While the article by Hausmann was more a criticism of all Venezuelan borrowing, the term “hunger bonds” was attached to this particular bond bought by Goldman. This bond was already trading at a deep discount compared to other Venezuelan bonds, but after the Hausmann article, its price went down even more and it has been trading at a discount with respect to comparable Venezuelan bonds ever since then. We decided to write this paper because we wanted to understand better what had happened to the price of this particular bond.

Regarding your methodology, you used an interesting measure. Could you tell us more about it?

In the econometric analysis, we were asking the following: Can we see in more detail if the interest in this specific bond is linked to its price? To measure this interest, we computed an index that is based on Google searches for the term “hunger bonds”. We went on Google Analytics, typed in “hunger bonds” and Google gave us an index showing the relative popularity of this term. The higher the number, the more people were searching. Since Google Analytics only provides an overview of weekly searches, we had to look at the behaviour on a weekly basis, though.

What we actually were able to show is that when there were many searches for this term, the price of the hunger bond would decrease. There is a link between the saliency of Hausmann’s article and the price of the bond.

We then did some event studies by looking at other types of shocks and their influence on the price; however, we still found that the link between the search for “hunger bonds” in Google and the price of the bond is robust when controlling for all sorts of other variables.

What is the “Hausmann-Gorky effect”?

In the legal world, and also a little bit in economics, there has been a discussion going on for a very long time on the concept of odious debt. Let’s suppose you have the Apartheid regime in South Africa borrowing on international capital markets. Once the regime is gone, should the new government be responsible for the debt of the Apartheid regime, which was money collected to actually oppress the people? There was an article written nearly 100 years ago by a legal scholar called Alexander Sack, who said that this debt is odious and therefore should not be paid. However, the normal legal principle in international law is that all legal obligations of a state are transmitted to successor states, which includes borrowing. If this were not the case, a state would never engage in legal contracts because its successor could refuse to recognise them. This idea of odious debt was never resolved. What we show in this paper is that there are other mechanisms (such as publicly denouncing the immorality of odious debt) to increase the cost of borrowing, which do not depend upon an international agreement. This is the Hausmann part of the effect. We call it the Hausmann-Gorky effect because interestingly enough something similar happened about a century ago. At the time of the Tsarist regime in Russia, the Russian writer Maxim Gorky wrote an article in the French press, saying that lending money to the Tsarist regime was immoral and should therefore not be done. The effect was similar to that of the Hausmann’s article as for some time the cost of borrowing for Russia increased. So we discuss in the paper whether we could have a public registry of such immoral/illegal actions with the goal of keeping the cost of borrowing for odious regimes high for a long time.

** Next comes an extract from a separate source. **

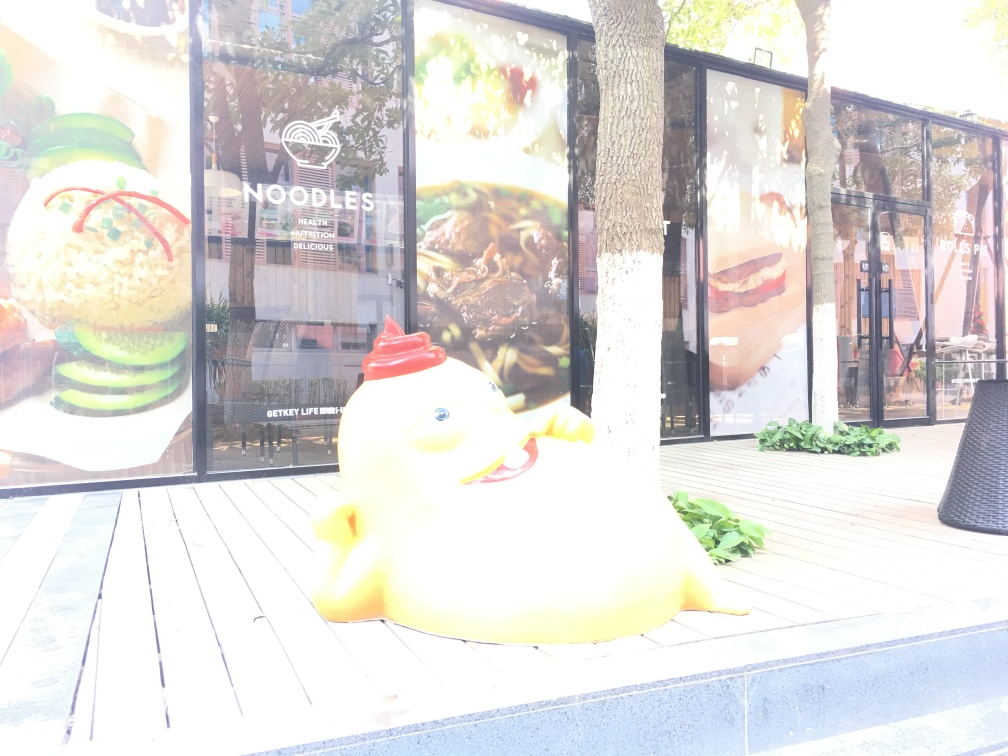What is the main subject in this image? The main subject in this image appears to be a whimsical, oversized model of a chick in a playful pose, which may be a form of street art or advertising material situated on a wooden deck. Can you tell me more about the location or setting? The setting includes outdoor seating typical of a cafe or restaurant. In the background is a large window displaying images of food and the word 'NOODLES,' suggesting that the location may be near an eatery that serves noodle dishes. The presence of trees and greenery indicates an urban location that incorporates natural elements for a more inviting atmosphere. Is there any cultural significance to the subject or context? While the image doesn't provide explicit cultural context, the playful chick figure could be associated with themes of youthfulness, new beginnings, or food-related marketing, given its proximity to what seems to be a food establishment. The exact cultural significance would depend on the local context and how such an installation is perceived by the community or visitors.

You have also conducted interviews with investors as to why they stopped buying this particular Venezuelan bond. What do you conclude from these interviews?

Investors said that the reason for them not to buy this bond anymore wasn’t so much its immorality, or the plight of the Venezuelan people, as it was the fact that they would make too little money compared to the reputational cost, including for example people demonstrating outside their offices or compliance departments questioning the legality of the operation. This is a fully economical approach motivated by self-interest, which is fine with our story: if you can make it costly to buy this bond for investors, it will ultimately increase the cost of borrowing for the regime, thus achieving the goal of cutting off odious regimes from the international capital markets.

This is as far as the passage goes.